ALVAS JOURNAL

【前編】インサイトセールス入門編:顧客の“二個上の目的”を捉える新しい営業の形

こんにちは、荻原です。

今回から2回にわたり、営業手法を根本から変える「インサイトセールス」についてお届けします。
インタビューのお相手は、アルヴァスデザイン代表取締役CVOの高橋さん。

単なる課題解決ではなく、顧客と“二個上の目的”を共有し、新たな価値を創造する営業手法を、豊富な実例と共に語っていただきました。
この【前編】では、その考え方の核心と、すぐに試せる「目的を深掘りする質問」
についてご紹介します。

続く【後編】では、インサイトセールスの営業現場での実践と応用、そして組織展開のリアルに迫ります。

 

目次

    1. インサイトセールスを一言で表すと?


    荻原:本日はよろしくお願いします。まず、高橋さんがお考えになる「インサイトセールス」を一言で表すと何になりますでしょうか?

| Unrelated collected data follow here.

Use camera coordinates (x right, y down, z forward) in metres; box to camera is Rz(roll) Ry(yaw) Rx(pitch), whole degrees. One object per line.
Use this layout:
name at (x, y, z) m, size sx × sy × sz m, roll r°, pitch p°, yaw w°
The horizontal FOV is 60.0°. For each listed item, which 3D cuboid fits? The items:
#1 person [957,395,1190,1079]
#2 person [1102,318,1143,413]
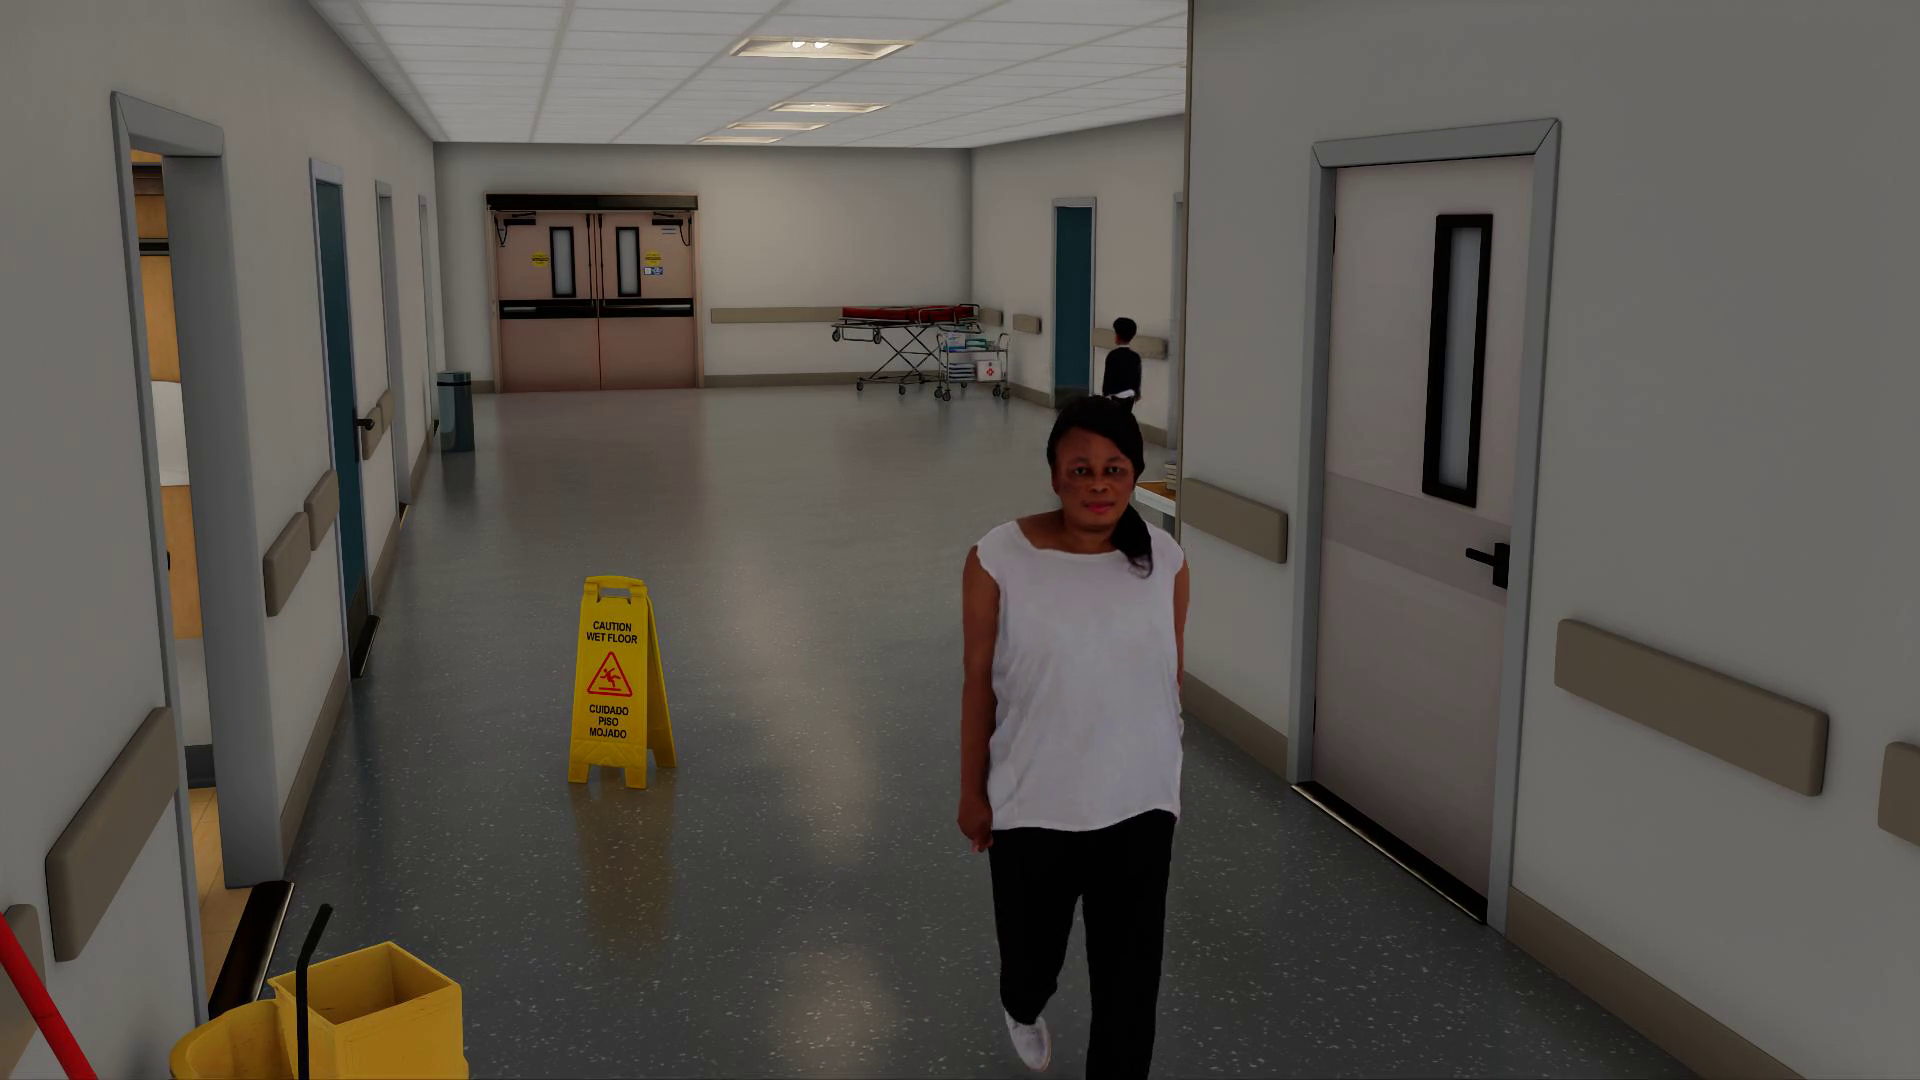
person at (0.257, 0.529, 3.632) m, size 0.760 × 1.659 × 1.084 m, roll -1°, pitch 11°, yaw -6°
person at (1.443, -1.295, 14.337) m, size 0.636 × 1.213 × 0.776 m, roll -7°, pitch 13°, yaw -33°
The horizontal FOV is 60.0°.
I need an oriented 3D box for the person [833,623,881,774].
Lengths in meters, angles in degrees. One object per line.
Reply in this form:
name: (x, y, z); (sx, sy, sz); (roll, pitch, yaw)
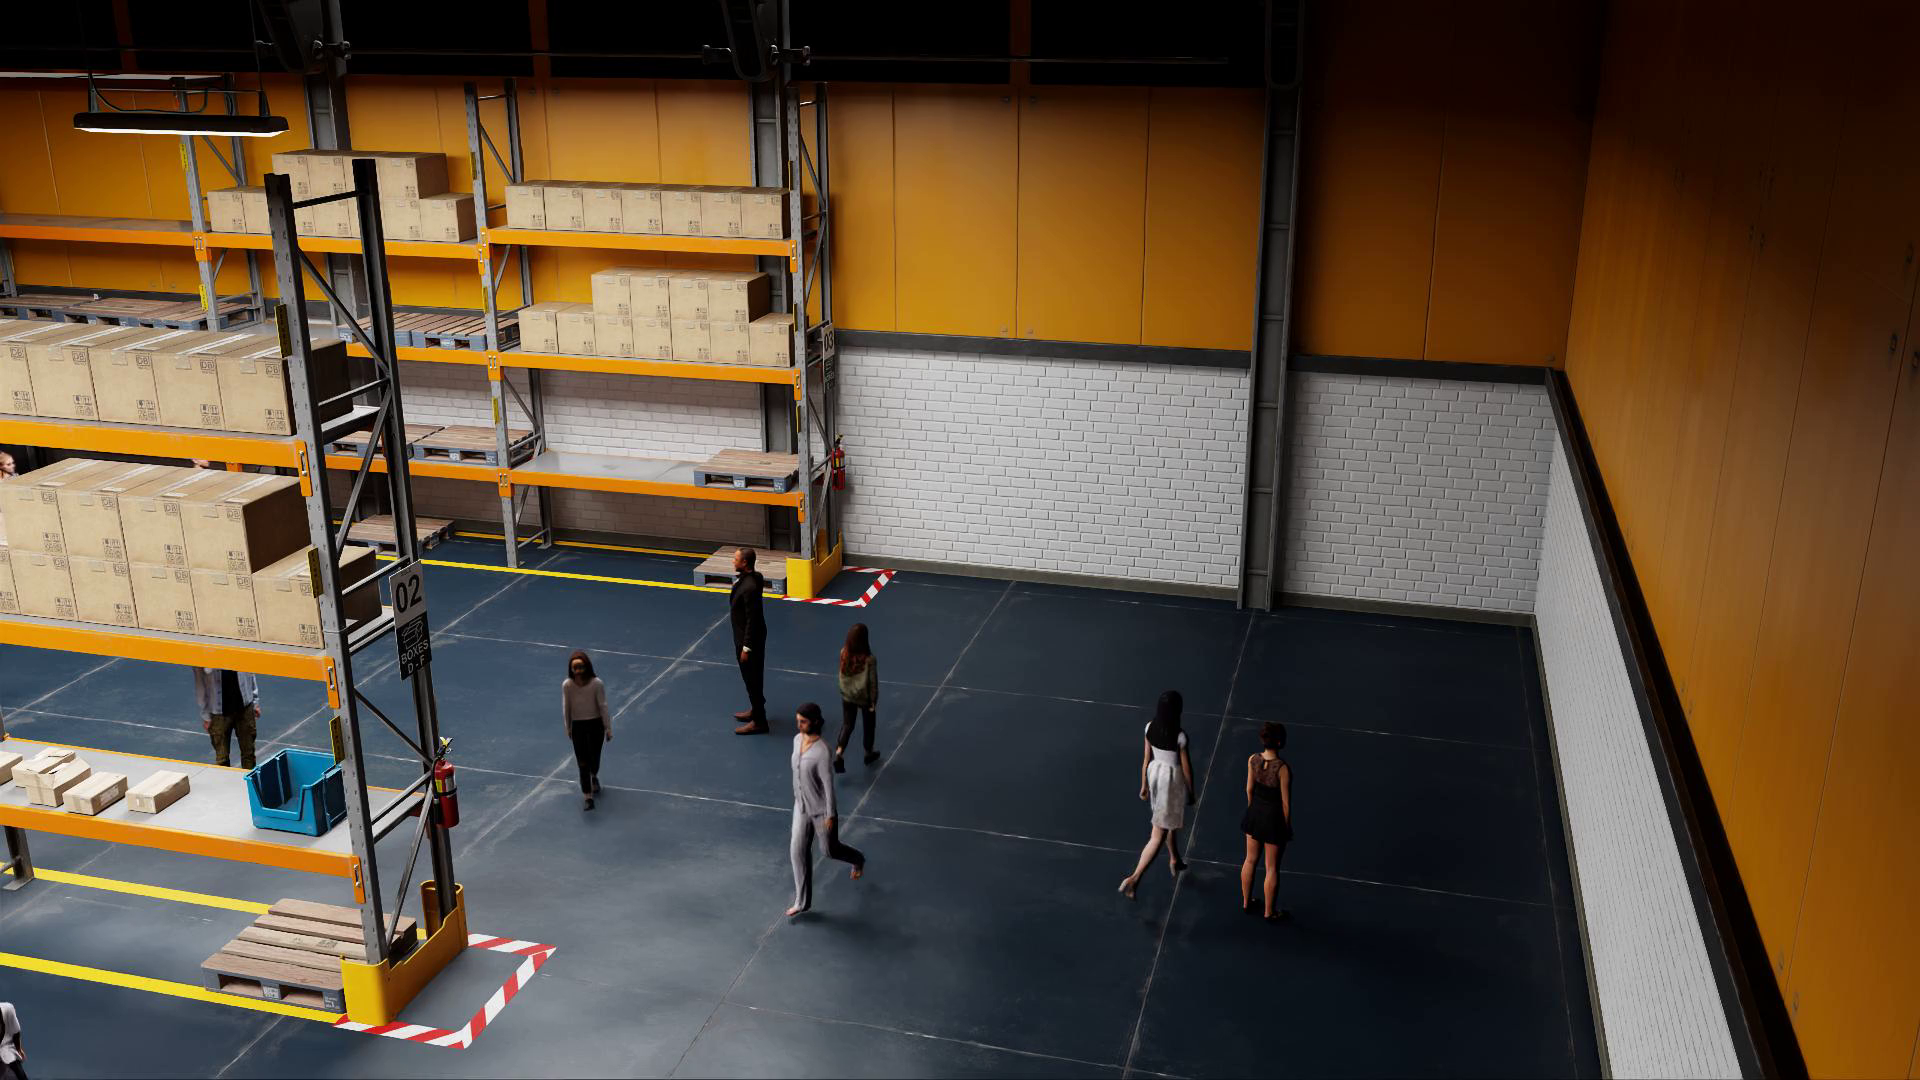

    高橋:そうですね。お客様とより高次元の目的を共有した上で、その実現に資する提案をする営業スタイル、といったところでしょうか。

    従来は「お客様の理念やビジョンの実現のための提案を提供する」と表現していたのですが、これですと担当者ベースでの営業はインサイトセールスではないのか、という話になってしまいます。しかし、そんなことはありません。実際には、会社のビジョンに限定せずに、より高い目的・高次元の目的を共有することが重要です。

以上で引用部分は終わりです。